── RECORD EXTRACTS

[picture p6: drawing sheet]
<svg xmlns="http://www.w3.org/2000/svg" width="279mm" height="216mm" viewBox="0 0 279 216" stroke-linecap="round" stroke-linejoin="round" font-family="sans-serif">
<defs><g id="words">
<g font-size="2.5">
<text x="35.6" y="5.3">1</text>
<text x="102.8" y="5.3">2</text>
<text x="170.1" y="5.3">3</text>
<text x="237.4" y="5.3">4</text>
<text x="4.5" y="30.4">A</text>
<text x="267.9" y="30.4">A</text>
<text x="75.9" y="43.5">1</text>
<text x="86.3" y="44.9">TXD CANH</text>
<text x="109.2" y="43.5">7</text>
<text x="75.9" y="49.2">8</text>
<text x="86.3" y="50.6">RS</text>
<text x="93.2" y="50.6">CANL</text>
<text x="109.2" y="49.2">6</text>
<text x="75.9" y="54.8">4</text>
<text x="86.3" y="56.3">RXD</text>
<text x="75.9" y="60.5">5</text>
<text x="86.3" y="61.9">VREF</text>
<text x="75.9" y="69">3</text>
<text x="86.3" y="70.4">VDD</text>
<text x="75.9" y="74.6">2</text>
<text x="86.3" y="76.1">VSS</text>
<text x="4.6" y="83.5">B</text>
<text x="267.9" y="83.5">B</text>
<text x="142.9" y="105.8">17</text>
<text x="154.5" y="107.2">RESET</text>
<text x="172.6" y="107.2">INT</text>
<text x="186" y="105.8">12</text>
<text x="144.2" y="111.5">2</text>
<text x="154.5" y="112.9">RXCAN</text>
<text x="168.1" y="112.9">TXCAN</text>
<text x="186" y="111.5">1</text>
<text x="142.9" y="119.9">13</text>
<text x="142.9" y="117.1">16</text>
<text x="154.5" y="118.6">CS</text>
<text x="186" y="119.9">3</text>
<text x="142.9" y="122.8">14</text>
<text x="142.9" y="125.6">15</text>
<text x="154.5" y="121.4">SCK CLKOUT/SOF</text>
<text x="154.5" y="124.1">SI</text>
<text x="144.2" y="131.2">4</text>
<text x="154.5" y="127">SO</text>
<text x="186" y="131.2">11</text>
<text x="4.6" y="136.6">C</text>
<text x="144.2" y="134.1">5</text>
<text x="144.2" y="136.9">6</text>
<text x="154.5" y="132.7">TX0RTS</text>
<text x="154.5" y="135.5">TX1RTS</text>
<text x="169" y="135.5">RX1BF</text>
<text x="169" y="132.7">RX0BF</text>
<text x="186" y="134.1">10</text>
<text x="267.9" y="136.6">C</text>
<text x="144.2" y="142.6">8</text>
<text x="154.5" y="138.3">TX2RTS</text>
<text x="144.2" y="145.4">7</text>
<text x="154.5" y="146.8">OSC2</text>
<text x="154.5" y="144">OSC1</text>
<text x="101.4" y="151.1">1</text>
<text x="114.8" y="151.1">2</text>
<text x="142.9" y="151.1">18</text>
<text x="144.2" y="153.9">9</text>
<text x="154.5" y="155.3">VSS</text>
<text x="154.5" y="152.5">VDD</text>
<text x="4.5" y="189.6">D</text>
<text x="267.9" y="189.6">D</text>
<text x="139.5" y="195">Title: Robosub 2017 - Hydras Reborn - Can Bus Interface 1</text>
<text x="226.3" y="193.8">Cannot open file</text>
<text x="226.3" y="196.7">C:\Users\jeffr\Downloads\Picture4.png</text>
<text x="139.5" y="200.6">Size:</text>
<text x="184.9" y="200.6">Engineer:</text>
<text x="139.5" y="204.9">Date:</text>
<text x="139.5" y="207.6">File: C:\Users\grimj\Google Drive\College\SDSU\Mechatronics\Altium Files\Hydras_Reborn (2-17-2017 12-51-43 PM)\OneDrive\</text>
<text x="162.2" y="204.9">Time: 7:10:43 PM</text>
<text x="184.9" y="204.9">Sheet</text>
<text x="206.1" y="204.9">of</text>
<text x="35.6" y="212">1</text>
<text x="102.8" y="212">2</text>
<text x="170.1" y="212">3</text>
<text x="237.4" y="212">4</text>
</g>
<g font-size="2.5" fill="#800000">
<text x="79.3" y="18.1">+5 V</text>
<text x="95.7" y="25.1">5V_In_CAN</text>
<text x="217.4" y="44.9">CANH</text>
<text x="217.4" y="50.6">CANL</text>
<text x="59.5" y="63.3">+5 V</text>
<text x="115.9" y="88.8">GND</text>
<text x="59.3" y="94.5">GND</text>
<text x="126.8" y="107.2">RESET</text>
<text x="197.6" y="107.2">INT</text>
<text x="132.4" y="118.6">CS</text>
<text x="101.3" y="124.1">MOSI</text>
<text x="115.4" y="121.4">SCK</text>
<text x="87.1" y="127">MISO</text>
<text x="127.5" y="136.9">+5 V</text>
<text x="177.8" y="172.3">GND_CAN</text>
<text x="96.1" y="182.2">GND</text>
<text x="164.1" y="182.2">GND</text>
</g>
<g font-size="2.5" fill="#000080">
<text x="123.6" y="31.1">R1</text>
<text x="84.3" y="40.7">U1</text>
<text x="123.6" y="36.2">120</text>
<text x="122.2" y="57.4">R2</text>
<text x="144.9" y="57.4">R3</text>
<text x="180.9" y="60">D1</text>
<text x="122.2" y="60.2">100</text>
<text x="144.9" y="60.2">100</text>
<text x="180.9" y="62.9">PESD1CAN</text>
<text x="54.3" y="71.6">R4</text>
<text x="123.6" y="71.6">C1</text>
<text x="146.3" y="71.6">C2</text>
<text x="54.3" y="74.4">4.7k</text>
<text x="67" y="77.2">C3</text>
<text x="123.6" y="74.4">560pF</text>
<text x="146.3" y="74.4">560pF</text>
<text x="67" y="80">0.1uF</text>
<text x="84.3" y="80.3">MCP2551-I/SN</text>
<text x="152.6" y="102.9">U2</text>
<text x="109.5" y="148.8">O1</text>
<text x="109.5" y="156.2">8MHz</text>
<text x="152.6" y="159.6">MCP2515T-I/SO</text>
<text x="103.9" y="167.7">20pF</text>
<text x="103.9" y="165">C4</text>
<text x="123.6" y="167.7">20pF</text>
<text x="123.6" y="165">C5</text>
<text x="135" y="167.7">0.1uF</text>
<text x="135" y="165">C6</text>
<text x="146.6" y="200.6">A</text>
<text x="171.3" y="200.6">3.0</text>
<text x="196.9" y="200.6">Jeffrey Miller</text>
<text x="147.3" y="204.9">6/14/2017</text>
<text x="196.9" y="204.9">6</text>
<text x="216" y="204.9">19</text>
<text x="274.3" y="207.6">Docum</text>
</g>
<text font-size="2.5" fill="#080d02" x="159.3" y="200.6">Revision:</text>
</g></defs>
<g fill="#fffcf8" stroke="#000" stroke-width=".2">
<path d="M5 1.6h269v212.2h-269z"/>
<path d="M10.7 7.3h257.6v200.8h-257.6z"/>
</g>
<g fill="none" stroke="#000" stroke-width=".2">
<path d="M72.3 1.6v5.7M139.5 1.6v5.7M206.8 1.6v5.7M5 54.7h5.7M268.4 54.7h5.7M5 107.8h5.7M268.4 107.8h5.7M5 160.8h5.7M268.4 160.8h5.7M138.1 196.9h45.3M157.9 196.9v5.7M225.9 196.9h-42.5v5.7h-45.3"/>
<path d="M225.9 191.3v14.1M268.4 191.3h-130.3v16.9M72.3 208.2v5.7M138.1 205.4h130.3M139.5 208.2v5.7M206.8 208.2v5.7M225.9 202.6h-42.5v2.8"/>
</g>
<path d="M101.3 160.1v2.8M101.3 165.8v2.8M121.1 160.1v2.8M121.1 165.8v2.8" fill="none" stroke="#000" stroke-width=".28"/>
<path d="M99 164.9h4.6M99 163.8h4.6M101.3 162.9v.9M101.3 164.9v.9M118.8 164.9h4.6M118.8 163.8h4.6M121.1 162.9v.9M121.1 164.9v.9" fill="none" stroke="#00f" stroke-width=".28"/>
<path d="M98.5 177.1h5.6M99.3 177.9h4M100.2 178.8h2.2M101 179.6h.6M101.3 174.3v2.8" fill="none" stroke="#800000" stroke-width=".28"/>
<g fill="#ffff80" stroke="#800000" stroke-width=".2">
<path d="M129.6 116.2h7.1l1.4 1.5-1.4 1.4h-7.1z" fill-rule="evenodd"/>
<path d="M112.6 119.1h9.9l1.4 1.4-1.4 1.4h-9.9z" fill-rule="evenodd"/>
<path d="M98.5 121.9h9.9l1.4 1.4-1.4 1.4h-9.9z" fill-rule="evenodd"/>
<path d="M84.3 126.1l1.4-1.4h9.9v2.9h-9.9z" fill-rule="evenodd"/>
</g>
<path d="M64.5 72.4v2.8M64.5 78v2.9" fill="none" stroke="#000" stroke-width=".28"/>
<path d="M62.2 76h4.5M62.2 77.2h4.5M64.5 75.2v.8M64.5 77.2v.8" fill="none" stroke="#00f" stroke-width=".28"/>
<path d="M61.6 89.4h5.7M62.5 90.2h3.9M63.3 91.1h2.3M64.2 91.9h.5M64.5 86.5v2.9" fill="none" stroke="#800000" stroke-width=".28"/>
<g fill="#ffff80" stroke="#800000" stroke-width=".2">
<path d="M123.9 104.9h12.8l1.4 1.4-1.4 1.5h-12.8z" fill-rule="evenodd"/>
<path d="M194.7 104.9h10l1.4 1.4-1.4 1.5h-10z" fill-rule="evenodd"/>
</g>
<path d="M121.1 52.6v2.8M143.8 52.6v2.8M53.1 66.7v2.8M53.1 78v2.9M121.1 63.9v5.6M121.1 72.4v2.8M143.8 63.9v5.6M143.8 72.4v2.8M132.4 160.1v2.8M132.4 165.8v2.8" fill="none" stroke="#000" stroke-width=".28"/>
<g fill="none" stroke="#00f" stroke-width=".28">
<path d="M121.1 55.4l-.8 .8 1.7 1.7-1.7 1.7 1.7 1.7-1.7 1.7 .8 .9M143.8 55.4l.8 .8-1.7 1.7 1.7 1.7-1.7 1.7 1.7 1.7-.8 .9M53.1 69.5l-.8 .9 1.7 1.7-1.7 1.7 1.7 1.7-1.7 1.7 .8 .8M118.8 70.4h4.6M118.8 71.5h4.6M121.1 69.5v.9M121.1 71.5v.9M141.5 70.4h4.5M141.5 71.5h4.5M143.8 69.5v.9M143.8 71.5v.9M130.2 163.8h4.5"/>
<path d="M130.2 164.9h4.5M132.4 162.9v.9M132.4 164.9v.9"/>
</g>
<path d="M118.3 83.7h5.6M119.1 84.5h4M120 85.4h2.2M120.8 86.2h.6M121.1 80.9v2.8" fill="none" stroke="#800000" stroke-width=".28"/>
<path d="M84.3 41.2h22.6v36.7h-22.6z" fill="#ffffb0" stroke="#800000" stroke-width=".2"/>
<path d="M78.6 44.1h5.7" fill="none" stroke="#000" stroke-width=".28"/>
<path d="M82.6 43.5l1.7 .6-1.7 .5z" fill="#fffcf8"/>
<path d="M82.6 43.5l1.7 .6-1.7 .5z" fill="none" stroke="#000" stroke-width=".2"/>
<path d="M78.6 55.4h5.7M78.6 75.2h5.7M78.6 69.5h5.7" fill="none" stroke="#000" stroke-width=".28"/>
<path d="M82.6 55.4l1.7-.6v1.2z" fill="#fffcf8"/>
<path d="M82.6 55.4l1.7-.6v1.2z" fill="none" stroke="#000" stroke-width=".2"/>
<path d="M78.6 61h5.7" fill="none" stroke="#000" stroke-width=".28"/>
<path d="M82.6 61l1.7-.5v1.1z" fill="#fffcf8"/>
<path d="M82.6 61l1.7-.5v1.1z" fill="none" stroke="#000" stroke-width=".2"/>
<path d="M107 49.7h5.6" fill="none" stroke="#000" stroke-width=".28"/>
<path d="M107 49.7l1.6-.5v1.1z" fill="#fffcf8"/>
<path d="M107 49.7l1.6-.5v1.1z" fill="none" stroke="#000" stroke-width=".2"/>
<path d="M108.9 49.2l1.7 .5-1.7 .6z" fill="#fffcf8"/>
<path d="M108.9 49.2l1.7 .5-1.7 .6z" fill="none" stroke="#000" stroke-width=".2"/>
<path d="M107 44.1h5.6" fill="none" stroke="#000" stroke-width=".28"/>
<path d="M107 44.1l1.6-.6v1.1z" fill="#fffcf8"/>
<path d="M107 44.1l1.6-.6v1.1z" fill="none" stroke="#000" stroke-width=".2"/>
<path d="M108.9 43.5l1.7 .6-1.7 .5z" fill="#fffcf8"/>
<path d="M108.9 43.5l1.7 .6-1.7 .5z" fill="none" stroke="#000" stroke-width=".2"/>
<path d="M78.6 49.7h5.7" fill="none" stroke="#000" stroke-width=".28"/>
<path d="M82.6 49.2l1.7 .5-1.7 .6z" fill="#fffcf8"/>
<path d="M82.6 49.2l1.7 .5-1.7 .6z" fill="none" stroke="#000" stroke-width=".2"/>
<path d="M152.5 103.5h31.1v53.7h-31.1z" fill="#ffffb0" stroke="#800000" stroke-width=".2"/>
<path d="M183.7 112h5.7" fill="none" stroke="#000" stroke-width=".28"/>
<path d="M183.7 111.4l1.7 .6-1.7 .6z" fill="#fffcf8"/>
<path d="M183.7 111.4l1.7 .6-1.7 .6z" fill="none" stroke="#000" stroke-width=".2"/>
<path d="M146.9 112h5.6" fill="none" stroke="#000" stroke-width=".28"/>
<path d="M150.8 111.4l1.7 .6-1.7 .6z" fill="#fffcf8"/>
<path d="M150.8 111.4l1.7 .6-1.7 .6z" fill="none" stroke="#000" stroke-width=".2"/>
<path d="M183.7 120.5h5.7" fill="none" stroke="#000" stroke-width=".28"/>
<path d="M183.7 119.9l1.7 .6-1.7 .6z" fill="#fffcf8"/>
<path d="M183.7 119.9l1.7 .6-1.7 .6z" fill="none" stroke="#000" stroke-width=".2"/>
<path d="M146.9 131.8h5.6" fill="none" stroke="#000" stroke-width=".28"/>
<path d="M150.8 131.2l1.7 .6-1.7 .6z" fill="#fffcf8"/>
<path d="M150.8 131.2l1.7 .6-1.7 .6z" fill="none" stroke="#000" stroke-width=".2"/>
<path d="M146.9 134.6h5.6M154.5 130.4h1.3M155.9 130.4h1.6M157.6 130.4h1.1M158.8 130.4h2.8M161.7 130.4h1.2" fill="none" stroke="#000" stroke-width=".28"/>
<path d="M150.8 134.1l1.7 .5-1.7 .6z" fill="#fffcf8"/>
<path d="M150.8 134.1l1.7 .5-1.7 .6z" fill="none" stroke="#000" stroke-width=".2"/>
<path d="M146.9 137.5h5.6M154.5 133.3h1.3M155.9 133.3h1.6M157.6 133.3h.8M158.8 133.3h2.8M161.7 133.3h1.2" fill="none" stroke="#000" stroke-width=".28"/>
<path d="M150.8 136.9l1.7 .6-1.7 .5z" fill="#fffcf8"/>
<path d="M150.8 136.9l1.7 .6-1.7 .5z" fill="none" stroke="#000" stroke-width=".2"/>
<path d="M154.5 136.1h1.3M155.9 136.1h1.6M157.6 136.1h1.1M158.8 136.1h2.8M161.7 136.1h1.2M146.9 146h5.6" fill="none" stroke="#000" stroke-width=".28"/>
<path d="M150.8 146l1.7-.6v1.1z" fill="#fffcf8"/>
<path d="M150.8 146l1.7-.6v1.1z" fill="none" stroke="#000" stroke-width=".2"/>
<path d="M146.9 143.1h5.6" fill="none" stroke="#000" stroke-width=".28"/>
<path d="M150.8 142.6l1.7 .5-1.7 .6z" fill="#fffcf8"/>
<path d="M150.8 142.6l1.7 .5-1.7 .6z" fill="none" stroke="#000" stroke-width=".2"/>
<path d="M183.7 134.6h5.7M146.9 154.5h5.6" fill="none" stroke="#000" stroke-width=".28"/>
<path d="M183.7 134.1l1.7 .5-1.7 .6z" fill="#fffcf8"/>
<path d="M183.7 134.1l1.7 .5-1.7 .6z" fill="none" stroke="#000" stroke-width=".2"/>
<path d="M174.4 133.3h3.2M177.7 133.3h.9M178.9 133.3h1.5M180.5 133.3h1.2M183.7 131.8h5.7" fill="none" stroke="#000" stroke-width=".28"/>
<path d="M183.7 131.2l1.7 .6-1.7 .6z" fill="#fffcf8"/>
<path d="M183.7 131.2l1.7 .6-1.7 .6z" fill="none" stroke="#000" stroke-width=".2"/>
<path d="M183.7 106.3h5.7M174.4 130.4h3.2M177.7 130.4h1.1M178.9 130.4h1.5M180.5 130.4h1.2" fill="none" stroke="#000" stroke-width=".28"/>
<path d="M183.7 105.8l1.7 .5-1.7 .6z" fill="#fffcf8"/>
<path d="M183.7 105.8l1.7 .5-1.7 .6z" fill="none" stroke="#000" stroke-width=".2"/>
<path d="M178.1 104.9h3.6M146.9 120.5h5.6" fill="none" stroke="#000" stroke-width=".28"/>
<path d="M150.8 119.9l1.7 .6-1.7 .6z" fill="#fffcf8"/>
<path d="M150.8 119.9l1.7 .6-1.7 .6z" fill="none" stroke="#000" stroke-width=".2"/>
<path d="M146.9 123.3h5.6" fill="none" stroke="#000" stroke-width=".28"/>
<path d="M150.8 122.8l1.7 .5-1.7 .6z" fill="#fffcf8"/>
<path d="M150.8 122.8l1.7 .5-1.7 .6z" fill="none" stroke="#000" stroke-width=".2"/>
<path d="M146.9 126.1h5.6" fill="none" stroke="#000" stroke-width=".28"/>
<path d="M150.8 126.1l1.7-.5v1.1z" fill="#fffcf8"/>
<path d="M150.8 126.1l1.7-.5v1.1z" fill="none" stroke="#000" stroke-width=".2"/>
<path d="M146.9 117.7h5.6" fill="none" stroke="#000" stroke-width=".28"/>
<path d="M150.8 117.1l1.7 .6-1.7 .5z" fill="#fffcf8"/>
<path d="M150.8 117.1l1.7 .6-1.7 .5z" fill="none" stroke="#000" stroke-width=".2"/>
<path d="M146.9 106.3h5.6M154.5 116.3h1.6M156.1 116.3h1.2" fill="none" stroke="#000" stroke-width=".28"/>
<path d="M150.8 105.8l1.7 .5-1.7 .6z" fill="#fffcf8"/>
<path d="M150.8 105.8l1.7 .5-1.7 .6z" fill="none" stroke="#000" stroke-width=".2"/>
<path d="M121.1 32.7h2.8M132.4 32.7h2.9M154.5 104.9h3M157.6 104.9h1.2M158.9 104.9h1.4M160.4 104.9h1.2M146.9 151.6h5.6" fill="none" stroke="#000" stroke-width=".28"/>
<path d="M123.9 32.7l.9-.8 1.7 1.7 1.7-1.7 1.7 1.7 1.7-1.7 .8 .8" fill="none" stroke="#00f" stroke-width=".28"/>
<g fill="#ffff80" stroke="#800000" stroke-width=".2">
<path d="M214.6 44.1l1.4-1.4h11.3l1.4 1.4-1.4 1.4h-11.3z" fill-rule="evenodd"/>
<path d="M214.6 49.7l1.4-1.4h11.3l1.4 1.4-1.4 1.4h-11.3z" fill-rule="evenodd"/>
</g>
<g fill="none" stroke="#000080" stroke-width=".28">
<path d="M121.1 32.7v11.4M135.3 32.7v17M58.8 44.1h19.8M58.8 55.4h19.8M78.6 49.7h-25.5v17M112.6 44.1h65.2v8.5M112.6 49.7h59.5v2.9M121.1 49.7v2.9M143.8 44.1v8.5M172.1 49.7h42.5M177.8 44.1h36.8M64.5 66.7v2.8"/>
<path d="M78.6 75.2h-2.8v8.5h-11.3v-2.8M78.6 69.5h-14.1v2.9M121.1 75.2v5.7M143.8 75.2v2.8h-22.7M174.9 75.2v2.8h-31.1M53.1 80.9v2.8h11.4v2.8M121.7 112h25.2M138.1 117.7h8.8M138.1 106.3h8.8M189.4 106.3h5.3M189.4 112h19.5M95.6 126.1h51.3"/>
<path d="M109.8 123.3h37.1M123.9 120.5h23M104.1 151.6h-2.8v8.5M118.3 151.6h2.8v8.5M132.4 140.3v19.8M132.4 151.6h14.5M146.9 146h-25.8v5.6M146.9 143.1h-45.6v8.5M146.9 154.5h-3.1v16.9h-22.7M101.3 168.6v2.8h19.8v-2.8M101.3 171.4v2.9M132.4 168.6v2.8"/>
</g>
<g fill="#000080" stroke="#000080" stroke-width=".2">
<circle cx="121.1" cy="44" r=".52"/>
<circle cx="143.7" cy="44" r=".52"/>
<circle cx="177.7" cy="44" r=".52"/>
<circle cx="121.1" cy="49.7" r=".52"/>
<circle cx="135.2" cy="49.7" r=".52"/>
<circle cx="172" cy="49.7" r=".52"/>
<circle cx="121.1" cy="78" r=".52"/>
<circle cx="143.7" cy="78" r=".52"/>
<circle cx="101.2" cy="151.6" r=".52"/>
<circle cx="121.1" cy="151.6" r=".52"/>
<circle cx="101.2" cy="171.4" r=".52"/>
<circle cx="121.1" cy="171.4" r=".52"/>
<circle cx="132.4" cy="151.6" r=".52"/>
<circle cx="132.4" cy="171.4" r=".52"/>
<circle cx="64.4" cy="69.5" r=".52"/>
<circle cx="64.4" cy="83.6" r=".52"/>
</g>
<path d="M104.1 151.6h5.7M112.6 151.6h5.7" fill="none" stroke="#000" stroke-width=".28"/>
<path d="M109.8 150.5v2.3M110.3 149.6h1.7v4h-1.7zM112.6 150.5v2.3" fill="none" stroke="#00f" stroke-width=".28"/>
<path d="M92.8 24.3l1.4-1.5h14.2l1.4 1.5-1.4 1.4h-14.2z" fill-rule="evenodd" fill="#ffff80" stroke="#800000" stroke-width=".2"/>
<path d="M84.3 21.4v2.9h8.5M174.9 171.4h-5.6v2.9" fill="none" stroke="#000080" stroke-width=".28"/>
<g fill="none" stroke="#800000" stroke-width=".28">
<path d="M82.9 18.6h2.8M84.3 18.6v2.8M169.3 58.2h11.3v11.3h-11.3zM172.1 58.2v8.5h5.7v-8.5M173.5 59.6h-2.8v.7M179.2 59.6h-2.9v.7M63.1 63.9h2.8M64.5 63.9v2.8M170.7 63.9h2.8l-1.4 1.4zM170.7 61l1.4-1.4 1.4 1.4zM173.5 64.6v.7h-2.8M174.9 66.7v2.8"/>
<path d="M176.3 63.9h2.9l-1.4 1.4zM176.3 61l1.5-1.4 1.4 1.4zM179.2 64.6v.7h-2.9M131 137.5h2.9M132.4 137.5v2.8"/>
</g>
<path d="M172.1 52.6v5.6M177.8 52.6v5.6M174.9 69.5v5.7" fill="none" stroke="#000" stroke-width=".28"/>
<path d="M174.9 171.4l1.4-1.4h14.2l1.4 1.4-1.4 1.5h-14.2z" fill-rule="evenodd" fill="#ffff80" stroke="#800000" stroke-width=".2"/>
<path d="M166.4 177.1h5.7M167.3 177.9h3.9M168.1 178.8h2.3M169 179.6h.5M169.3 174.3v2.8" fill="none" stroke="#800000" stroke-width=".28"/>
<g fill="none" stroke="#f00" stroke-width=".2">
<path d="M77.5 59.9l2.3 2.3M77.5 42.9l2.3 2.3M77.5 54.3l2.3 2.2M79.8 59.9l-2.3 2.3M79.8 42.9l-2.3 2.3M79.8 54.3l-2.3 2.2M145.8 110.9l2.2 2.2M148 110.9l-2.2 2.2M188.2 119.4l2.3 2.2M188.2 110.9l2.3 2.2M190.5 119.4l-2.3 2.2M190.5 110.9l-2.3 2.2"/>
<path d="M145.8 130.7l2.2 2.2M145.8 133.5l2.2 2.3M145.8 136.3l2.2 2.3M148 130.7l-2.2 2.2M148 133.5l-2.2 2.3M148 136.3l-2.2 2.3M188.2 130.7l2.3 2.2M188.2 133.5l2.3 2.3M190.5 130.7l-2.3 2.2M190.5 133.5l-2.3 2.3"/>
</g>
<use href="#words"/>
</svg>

────

__TASK REQUIREMENTS__.
Find each line above with the string "Users", then report how many there are. Write only the number.

__RESPONSE__.
2